→ What needs to be done: All of the lines below are to be transcribed faithfully, with pictures excluded from the copy.

→ Data listing:
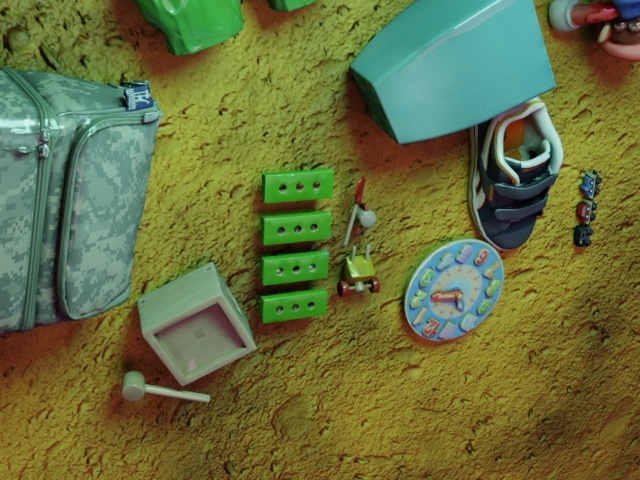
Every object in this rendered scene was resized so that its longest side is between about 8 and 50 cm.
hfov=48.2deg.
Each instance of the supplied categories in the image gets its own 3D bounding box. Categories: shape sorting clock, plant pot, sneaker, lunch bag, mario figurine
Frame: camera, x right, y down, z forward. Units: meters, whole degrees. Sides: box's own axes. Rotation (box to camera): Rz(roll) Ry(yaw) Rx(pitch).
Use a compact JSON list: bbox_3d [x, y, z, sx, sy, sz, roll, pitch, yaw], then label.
[{"bbox_3d":[0.243,0.092,1.285,0.206,0.040,0.206,-11,122,-17],"label":"shape sorting clock"},{"bbox_3d":[0.175,-0.254,1.030,0.234,0.166,0.165,-30,123,-1],"label":"plant pot"},{"bbox_3d":[0.321,-0.103,1.187,0.126,0.127,0.321,-25,123,-14],"label":"sneaker"},{"bbox_3d":[-0.334,-0.053,0.859,0.256,0.212,0.305,-5,117,-42],"label":"lunch bag"},{"bbox_3d":[0.457,-0.394,1.064,0.170,0.198,0.320,-66,160,-2],"label":"mario figurine"}]

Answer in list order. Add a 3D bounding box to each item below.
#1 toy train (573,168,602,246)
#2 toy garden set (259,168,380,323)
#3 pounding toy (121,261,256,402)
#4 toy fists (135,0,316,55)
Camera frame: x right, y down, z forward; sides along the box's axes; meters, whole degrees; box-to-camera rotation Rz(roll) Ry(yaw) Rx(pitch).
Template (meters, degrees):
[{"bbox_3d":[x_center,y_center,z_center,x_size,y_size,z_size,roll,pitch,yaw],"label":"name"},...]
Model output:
[{"bbox_3d":[0.501,-0.059,1.352,0.036,0.027,0.158,-7,117,-11],"label":"toy train"},{"bbox_3d":[0.000,0.000,1.130,0.203,0.049,0.244,-6,115,-21],"label":"toy garden set"},{"bbox_3d":[-0.211,0.159,1.083,0.206,0.094,0.181,-26,127,-1],"label":"pounding toy"},{"bbox_3d":[-0.102,-0.349,0.888,0.279,0.096,0.142,-27,132,-14],"label":"toy fists"}]

→ Finished task:
Every object in this rendered scene was resized so that its longest side is between about 8 and 50 cm.
hfov=48.2deg.
Each instance of the supplied categories in the image gets its own 3D bounding box. Categories: shape sorting clock, plant pot, sneaker, lunch bag, mario figurine
Frame: camera, x right, y down, z forward. Units: meters, whole degrees. Sides: box's own axes. Rotation (box to camera): Rz(roll) Ry(yaw) Rx(pitch).
Use a compact JSON list: bbox_3d [x, y, z, sx, sy, sz, roll, pitch, yaw], then label.
[{"bbox_3d":[0.243,0.092,1.285,0.206,0.040,0.206,-11,122,-17],"label":"shape sorting clock"},{"bbox_3d":[0.175,-0.254,1.030,0.234,0.166,0.165,-30,123,-1],"label":"plant pot"},{"bbox_3d":[0.321,-0.103,1.187,0.126,0.127,0.321,-25,123,-14],"label":"sneaker"},{"bbox_3d":[-0.334,-0.053,0.859,0.256,0.212,0.305,-5,117,-42],"label":"lunch bag"},{"bbox_3d":[0.457,-0.394,1.064,0.170,0.198,0.320,-66,160,-2],"label":"mario figurine"}]

Answer in list order. Add a 3D bounding box to each item below.
#1 toy train (573,168,602,246)
#2 toy garden set (259,168,380,323)
#3 pounding toy (121,261,256,402)
#4 toy fists (135,0,316,55)
Camera frame: x right, y down, z forward; sides along the box's axes; meters, whole degrees; box-to-camera rotation Rz(roll) Ry(yaw) Rx(pitch).
Template (meters, degrees):
[{"bbox_3d":[x_center,y_center,z_center,x_size,y_size,z_size,roll,pitch,yaw],"label":"name"},...]
Model output:
[{"bbox_3d":[0.501,-0.059,1.352,0.036,0.027,0.158,-7,117,-11],"label":"toy train"},{"bbox_3d":[0.000,0.000,1.130,0.203,0.049,0.244,-6,115,-21],"label":"toy garden set"},{"bbox_3d":[-0.211,0.159,1.083,0.206,0.094,0.181,-26,127,-1],"label":"pounding toy"},{"bbox_3d":[-0.102,-0.349,0.888,0.279,0.096,0.142,-27,132,-14],"label":"toy fists"}]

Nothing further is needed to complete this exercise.